- **WHAT YOU HAVE TO DO**:
The copy should hold exactly the lines below from the one that contains "Locate the block" through the one that contains "Where should I" and nothing else, so no pictures.

- **DATA**:
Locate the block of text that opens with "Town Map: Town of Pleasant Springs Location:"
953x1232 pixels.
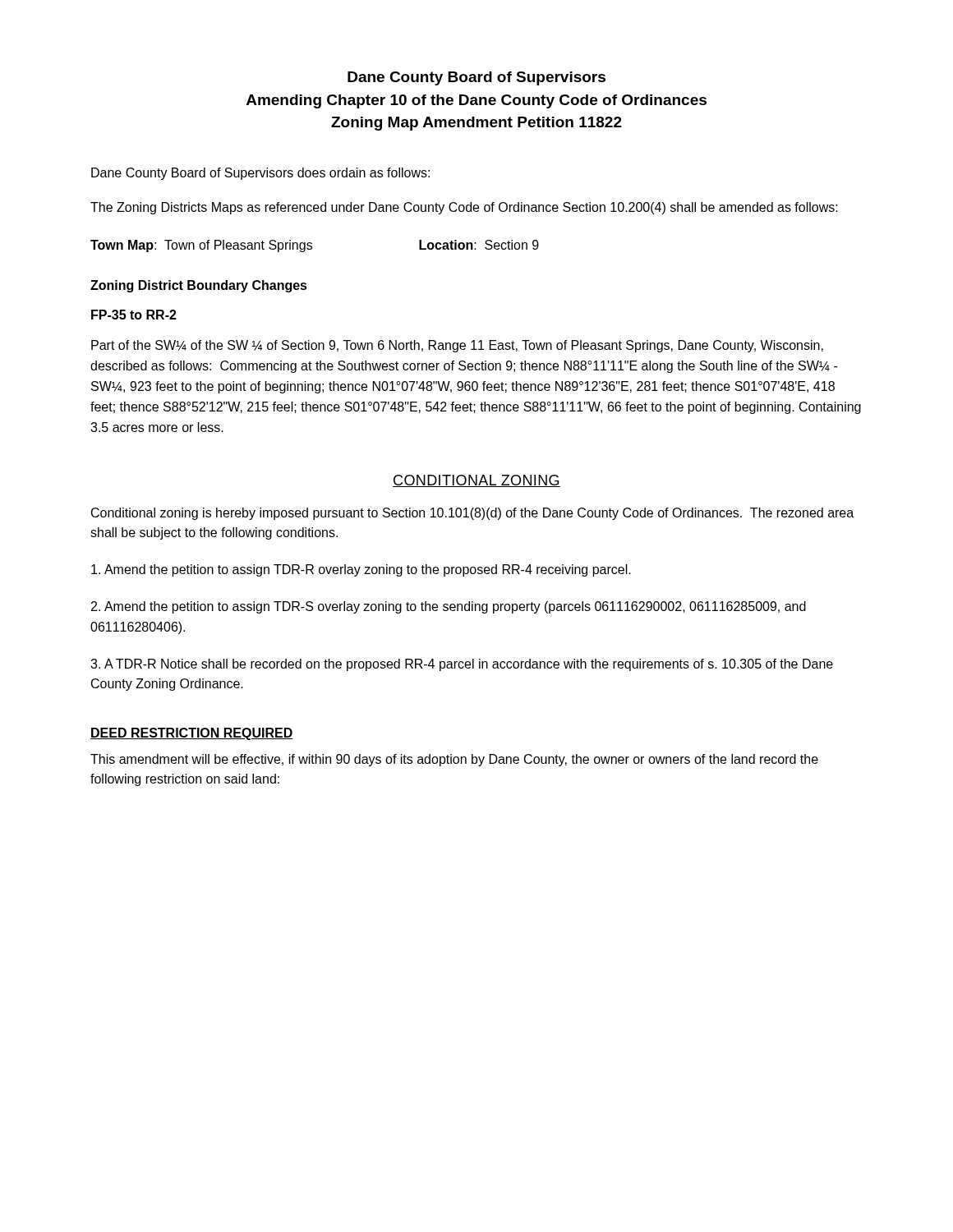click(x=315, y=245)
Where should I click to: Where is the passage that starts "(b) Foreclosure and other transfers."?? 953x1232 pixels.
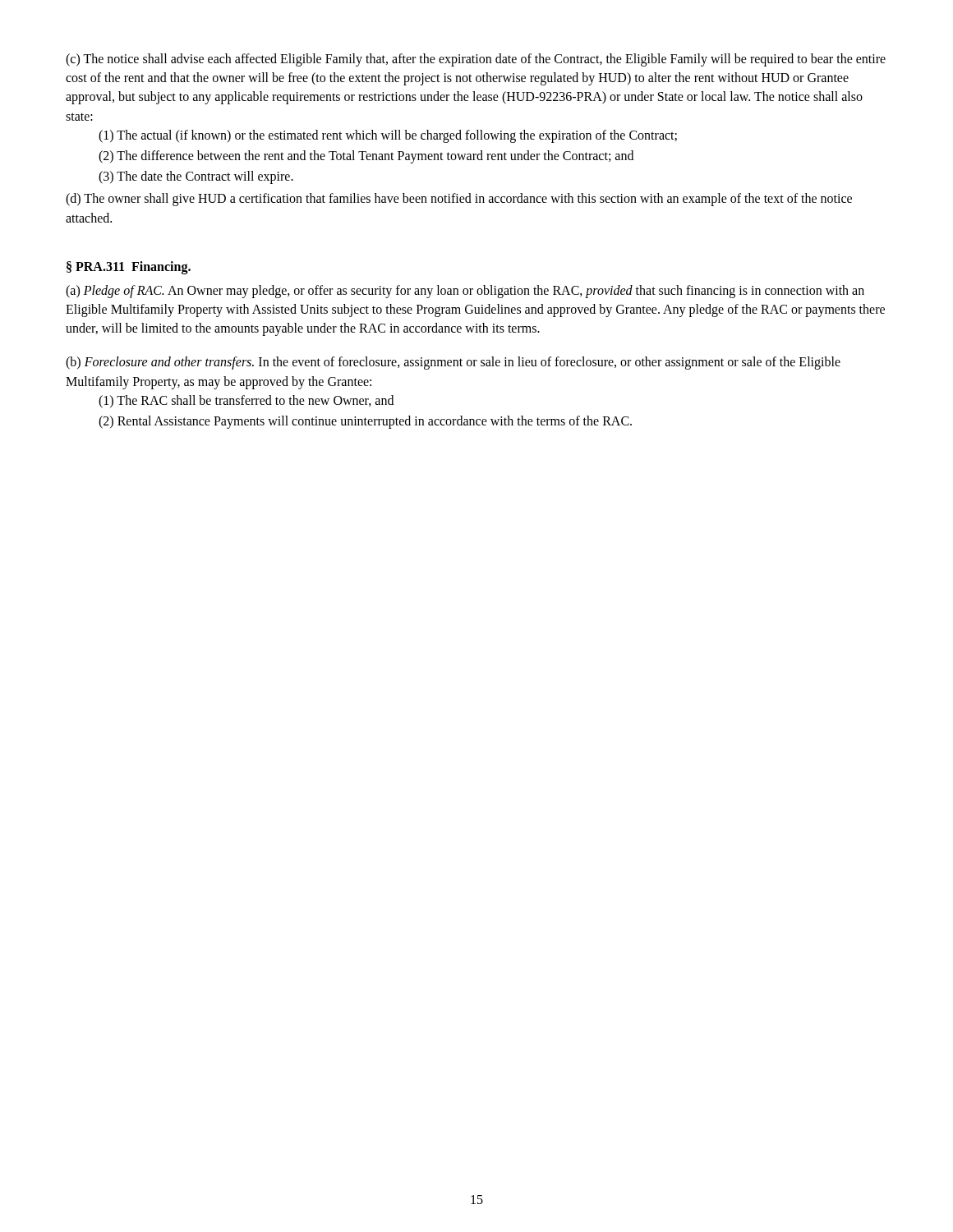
---
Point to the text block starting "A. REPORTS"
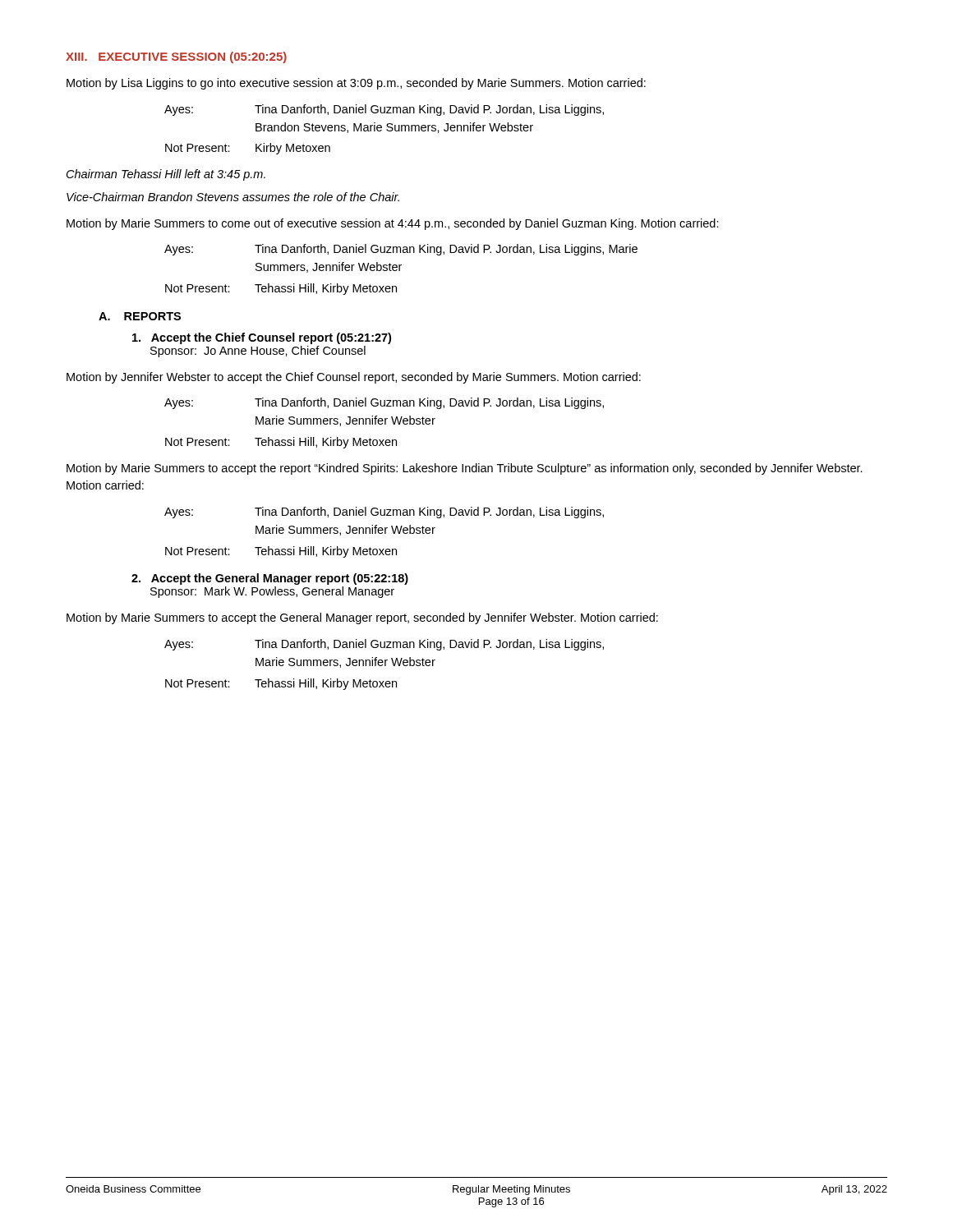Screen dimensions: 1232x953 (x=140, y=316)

- **COMPLETED EXERCISE**:
Locate the block of text that opens with "Town Map: Town of Pleasant Springs Location:"
953x1232 pixels.
click(x=315, y=245)
Where should I click to: Where is the passage that starts "(b) Foreclosure and other transfers."?? 953x1232 pixels.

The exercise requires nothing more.